4.2.7. Echocardiography
Echocardiography, using the VisualSonics Vevo 2100 machine and a 40 MHz linear transducer, was performed on PND14 to assess the indices of PH [34]. Pulsed-wave Doppler (PWD) recording of the pulmonary blood flow obtained at the level of the aortic valve in the parasternal right ventricular outflow view [61] was used to estimate pulmonary acceleration time (PAT) and right ventricle (RV) ejection time (ET). The RV systolic pressure (RVSP) was calculated using the regression formula RVSP = 64.5 − (83.5 × PAT/ET) [61].

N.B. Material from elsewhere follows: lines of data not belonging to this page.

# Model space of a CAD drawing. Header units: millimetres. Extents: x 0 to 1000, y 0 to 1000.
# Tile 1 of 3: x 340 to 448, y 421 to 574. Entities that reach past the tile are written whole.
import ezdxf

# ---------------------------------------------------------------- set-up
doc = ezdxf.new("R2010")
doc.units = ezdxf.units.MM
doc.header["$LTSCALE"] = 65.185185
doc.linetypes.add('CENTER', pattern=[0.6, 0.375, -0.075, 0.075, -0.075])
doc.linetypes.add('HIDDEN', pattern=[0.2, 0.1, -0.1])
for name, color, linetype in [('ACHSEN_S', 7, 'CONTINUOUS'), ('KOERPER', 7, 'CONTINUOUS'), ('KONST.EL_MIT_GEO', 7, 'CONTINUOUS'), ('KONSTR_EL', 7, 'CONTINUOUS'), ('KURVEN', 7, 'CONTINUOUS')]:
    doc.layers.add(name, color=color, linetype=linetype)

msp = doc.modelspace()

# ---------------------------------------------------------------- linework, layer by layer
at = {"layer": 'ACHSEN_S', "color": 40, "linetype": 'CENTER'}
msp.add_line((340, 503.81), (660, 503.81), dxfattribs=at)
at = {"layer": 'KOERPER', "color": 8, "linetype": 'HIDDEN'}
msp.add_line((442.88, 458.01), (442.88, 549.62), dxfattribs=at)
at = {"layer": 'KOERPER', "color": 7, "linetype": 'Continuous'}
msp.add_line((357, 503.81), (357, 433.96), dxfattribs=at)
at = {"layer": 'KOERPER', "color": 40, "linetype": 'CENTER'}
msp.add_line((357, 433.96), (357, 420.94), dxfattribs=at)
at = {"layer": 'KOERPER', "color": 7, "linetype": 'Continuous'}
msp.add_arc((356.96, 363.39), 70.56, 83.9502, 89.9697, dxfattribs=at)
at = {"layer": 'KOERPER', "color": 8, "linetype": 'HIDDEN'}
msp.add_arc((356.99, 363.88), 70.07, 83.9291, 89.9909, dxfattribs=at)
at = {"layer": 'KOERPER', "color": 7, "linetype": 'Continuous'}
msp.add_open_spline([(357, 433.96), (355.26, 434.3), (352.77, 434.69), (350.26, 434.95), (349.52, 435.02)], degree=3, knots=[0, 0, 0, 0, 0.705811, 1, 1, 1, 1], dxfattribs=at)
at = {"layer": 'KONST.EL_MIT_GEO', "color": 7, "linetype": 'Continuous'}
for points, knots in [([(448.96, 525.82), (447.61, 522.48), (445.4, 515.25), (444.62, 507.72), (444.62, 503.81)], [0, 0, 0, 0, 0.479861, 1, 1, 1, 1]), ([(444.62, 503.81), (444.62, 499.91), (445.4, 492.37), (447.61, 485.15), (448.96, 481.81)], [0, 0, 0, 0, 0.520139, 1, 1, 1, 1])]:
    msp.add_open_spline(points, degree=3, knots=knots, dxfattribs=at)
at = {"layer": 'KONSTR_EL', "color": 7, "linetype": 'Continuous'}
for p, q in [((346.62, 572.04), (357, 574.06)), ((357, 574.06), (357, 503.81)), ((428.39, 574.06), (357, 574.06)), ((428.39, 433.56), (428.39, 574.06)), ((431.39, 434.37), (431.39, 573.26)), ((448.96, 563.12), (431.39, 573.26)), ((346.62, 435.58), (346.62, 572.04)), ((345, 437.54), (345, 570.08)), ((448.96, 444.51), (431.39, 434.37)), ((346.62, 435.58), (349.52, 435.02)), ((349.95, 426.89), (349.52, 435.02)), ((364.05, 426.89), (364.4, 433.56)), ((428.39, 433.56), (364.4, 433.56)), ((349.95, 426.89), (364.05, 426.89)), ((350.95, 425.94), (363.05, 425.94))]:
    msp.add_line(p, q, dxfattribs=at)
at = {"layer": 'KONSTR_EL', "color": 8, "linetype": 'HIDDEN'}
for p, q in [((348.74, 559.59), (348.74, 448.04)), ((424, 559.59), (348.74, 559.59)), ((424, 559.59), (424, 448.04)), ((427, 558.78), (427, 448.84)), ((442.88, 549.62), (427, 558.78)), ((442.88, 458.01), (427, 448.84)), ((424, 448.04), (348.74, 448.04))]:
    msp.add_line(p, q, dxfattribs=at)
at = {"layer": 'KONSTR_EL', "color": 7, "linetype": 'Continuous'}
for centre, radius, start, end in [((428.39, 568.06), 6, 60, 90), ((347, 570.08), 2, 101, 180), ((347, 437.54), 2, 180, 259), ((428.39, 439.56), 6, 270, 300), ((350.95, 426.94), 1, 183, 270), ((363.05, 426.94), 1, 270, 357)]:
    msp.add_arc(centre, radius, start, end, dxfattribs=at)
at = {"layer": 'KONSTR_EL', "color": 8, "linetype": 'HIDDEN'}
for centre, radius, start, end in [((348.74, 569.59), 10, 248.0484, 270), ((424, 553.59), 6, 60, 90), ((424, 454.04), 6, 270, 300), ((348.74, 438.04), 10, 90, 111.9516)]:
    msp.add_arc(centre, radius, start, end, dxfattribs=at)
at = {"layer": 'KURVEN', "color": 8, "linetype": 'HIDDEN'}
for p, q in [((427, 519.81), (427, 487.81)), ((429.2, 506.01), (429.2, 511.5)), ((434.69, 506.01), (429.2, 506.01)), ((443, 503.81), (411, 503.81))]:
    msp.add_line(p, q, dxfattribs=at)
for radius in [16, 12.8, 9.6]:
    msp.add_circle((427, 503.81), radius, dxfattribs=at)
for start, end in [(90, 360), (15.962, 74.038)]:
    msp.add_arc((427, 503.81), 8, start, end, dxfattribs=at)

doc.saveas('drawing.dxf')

4.2.8. Statistical Analyses
The results were analyzed by the GraphPad Prism 5 software. Data are expressed as mean ± SD. The individual and interactive effects of ERK2 gene expression and hyperoxia exposure on lung inflammation, alveolarization, pulmonary vascularization, and PH were assessed using two-way ANOVA. A p value of <0.05 was considered significant.
Acknowledgments
We thank Pamela Parsons for her timely processing of histopathology slides. This work was supported by National Institutes of Health grants: HL139594 to B.S., and P30DK056338 to the Digestive Disease Center Core and U54HG006348 to the Mouse Phenotyping Core at Baylor College of Medicine, and Texas Children’s Hospital Pediatric Pilot Award to B.S.
Abbreviations
BPD | bronchopulmonary dysplasia |
CCL | chemokine (C-C motif) ligand |
Echo | echocardiography |
ERK | extracellular signal-regulated kinases |
eERK2+/+ mice | endothelial ERK2-sufficient mice |
eERK2+/− mice | endothelial ERK2-deficient mice |
ET | ejection time |
GAPDH | glyceraldehyde 3-phosphate dehydrogenase |
GPX2 | glutathione peroxidase 2 |
ICAM-1 | intercellular adhesion molecule 1 |
IL | interleukin |
HPMECs | human pulmonary microvascular endothelial cells |
HO1 | heme oxygenase 1 |
MAP kinase | mitogen-activated protein kinase |
MLI | mean linear intercept |
NO | nitric oxide |
NQO1 | NAD(P)H quinone dehydrogenase 1 |
PAT | pulmonary acceleration time |
PH | pulmonary hypertension |
PND | postnatal day |
RAC | radial alveolar count |
ROS | reactive oxygen species |
RV | right ventricle |
RVSP | right ventricle systolic pressure |
SiC | control siRNA |
SiERK2 | ERK2 siRNA |
TNF-α | tumor necrosis factor-α |
WT | wild type |
VEGF | vascular endothelial growth factor |
vWF | von Willebrand factor |
Author Contributions
R.T.M., A.K.S., R.B., C.R., and B.S. participated in research design, performed data analysis, and contributed to the writing of the manuscript. R.T.M., A.K.S., C.R., and B.S. conducted the experiments. All authors have read and agreed to the published version of the manuscript.
Conflicts of Interest
The authors report no conflict of interest, financial or otherwise in this work.